Sebald’s Austerlitz becomes Kracauer’s Ahasuerus: wandering through a universal history, in eternity, seeking to solve the mystery of his name and his defeat, a personal heaven over the field of a lost battle. This is how Kracauer describes Ahasuerus: “I imagine him to be many faces, each reflecting one of the periods which he traversed and all of them combining into ever new patterns, as he restlessly, and vainly, tries on his wanderingsto reconstruct out of the times that shaped him the one time he is doomed to incarnate.” (Kracauer, 1969, p. 157) The multiple faces in Loznitsa’s film are the face(s) of Ahasuerus, the face(s) of Austerlitz. While on their excursion in Sachsenhausen, the tourists also seem to be followed by the gazes of the dead, “a higher form of stereometry”, in which “…we who are still alive are unreal in the eyes of the dead, that only occasionally, in certain lights and atmospheric conditions, do we appear in their field of vision.” (Sebald, p. 185)
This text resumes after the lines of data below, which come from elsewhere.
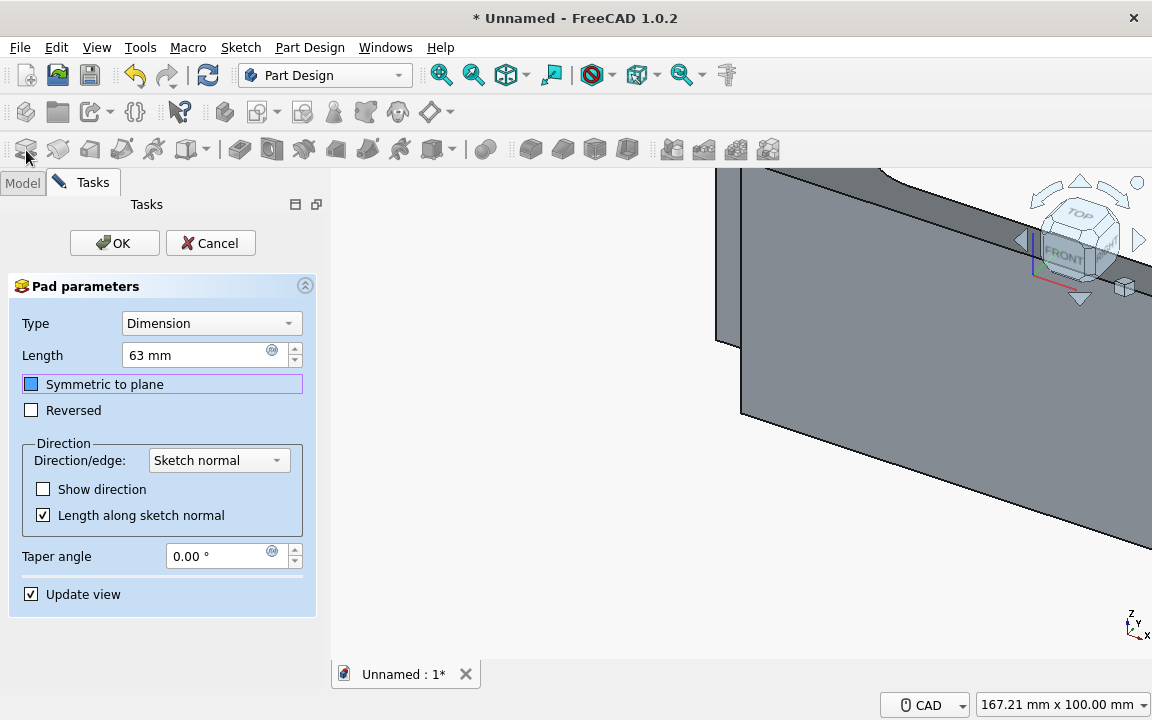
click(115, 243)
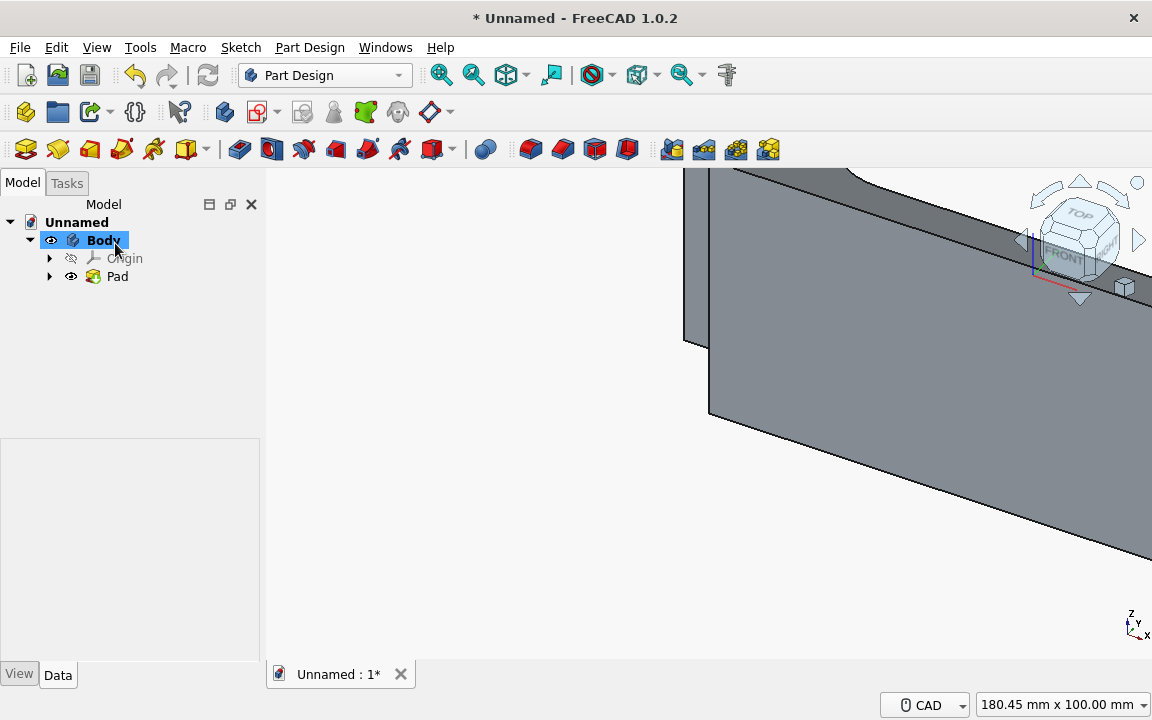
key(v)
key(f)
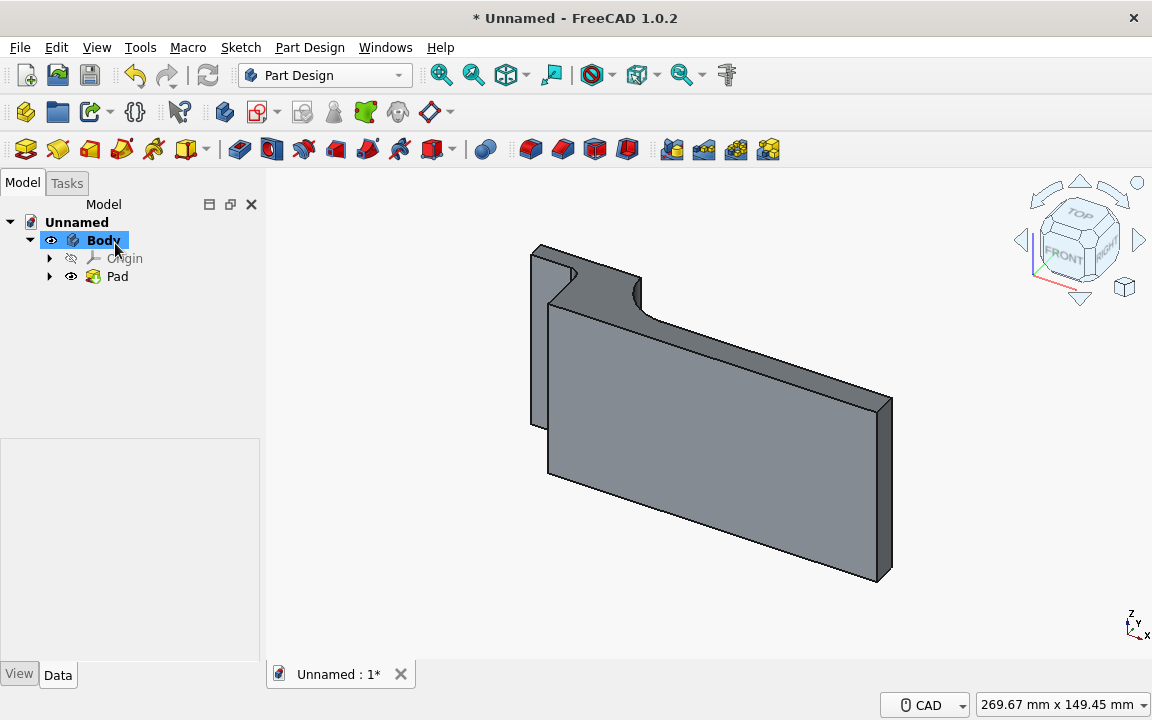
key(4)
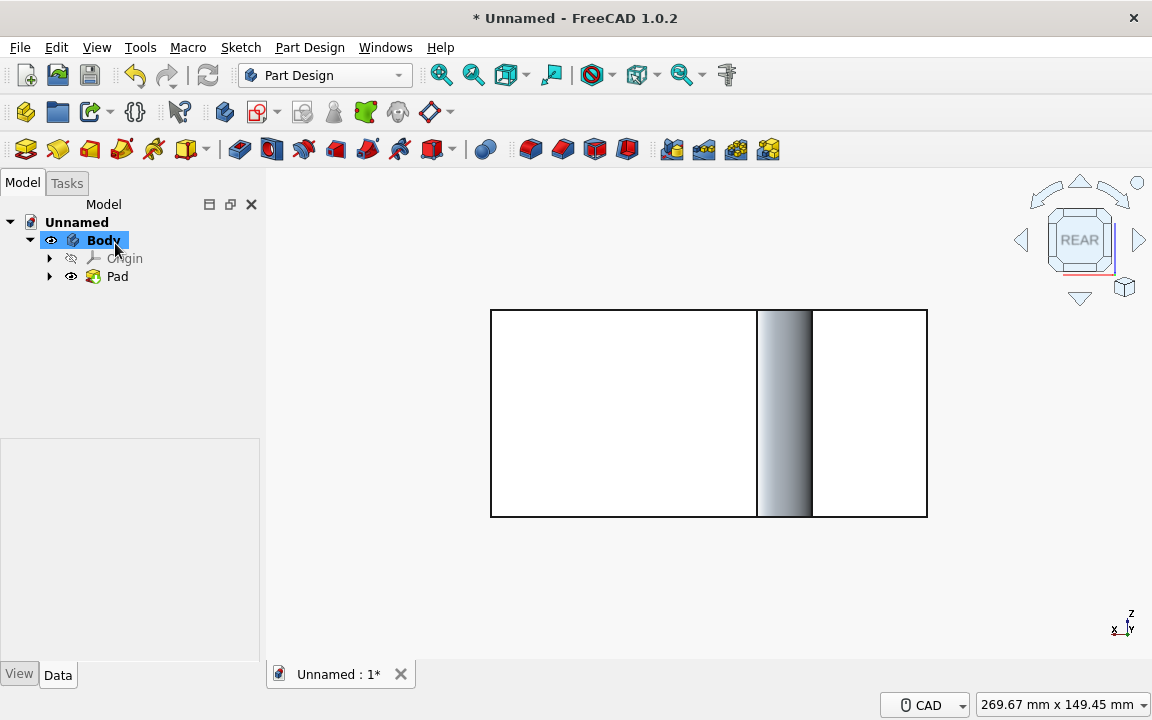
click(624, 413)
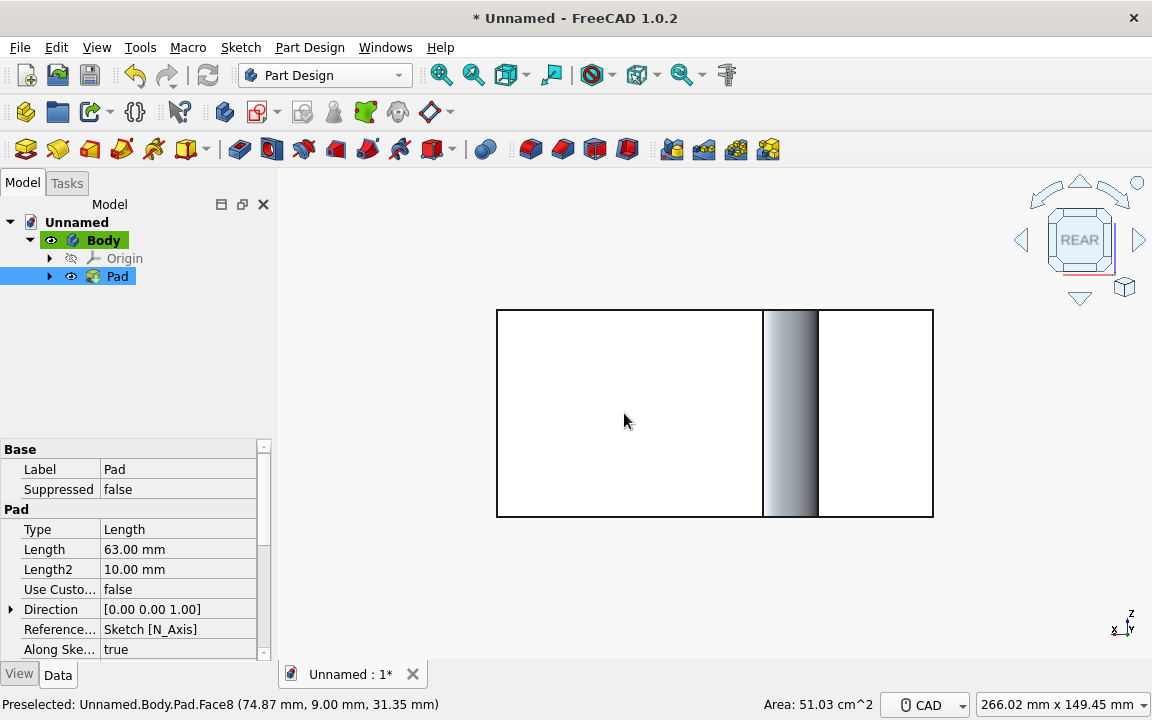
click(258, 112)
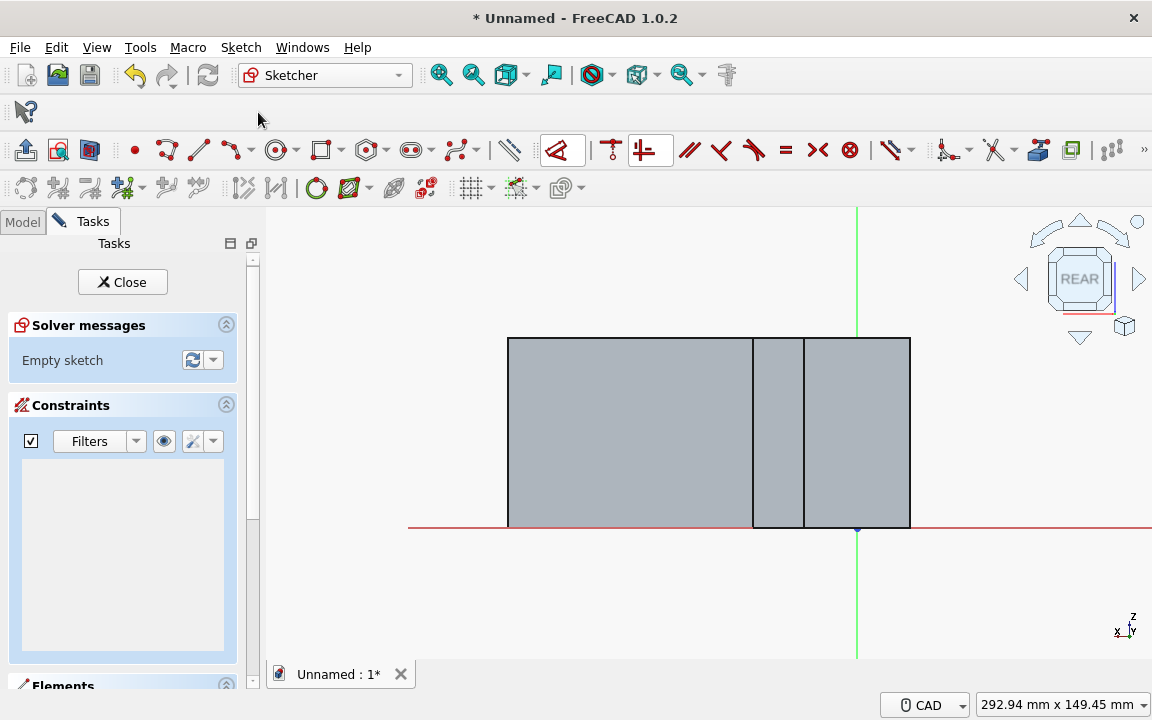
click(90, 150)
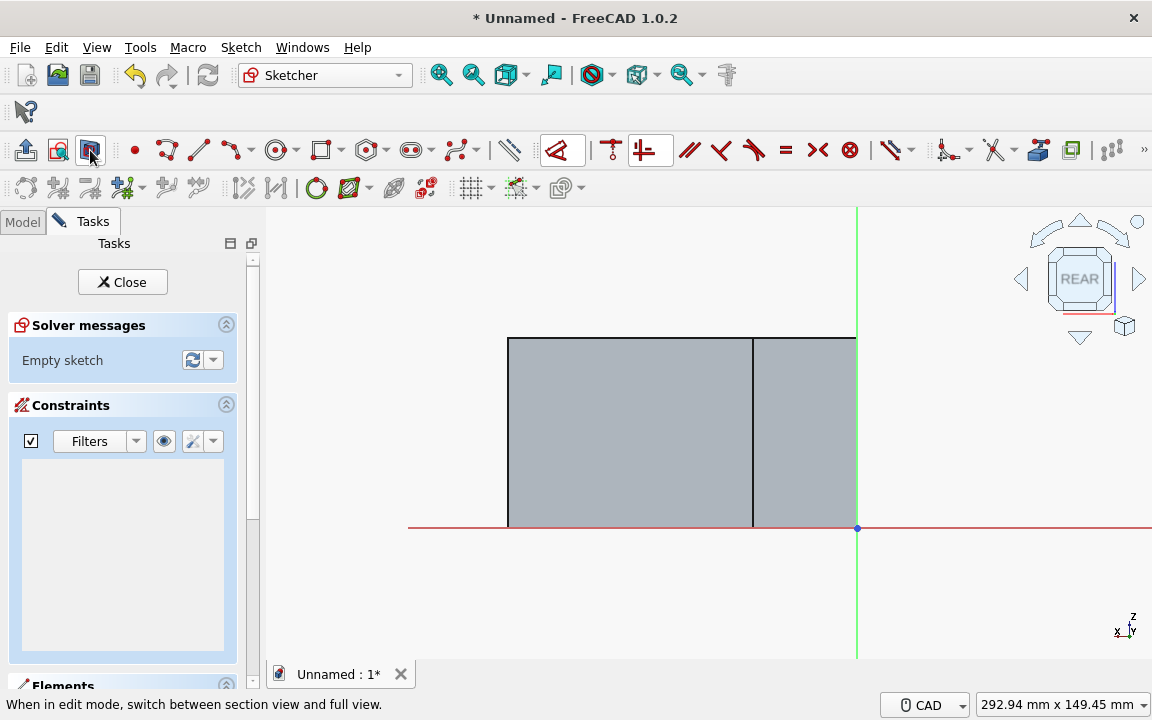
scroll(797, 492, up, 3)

“We do not understand the laws governing the return of the past”, Sebald says Austerlitz says, because our historical doctrine tells us that we are the subjects of history and historical consciousness. In actual reality, it is the gaze of the dead directed at us that gives us a name and a history. True, it is only “occasionally” – by pure contingency – that we find ourselves at the crucial moment of the opening of the skies over Austerlitz, when the past returns to us to lead us out of the maze of historical facts into the realm of the Last Things beyond tragedy, where physical realities can be redeemed by simply recording their ephemeral existence (which, as we remember, is what cinema does). The dead return because “they have been cheated of something”. The memorial serves as a movie theater for the dead to watch the living, to record their living existence, and to redeem their existence for history and memory.
At the end of the film, we see the tourists (who appear relieved rather than enriched) leaving the territory of the memorial. After the passage through Sachsenhausen’s artificial environments, the parody of the not-quite-really-direct imprisonment gives way to the genuine and unbounded enjoyment of emancipation. Eventually, Austerlitz the Ahasuerus would also be released from the bondage of his heritage: when he has achieved the vision of the totality of the past, after having gone through the experiences of particular fragmented histories, at the end of Times, at the moment of his disintegration.
1 http://www.stiftung-bg.de/gums/en/accessed May 7th, 2017.
Bibliographie
Kracauer, Siegfried, 1960, Theory of film: the redemption of physical reality, Oxford U.P., New York.
Kracauer, Siegfried, 1969, History: the last things before the last, New York.
Sebald, W. G., 2001, Austerlitz, transl. by Antonia Bell, Random House, New York.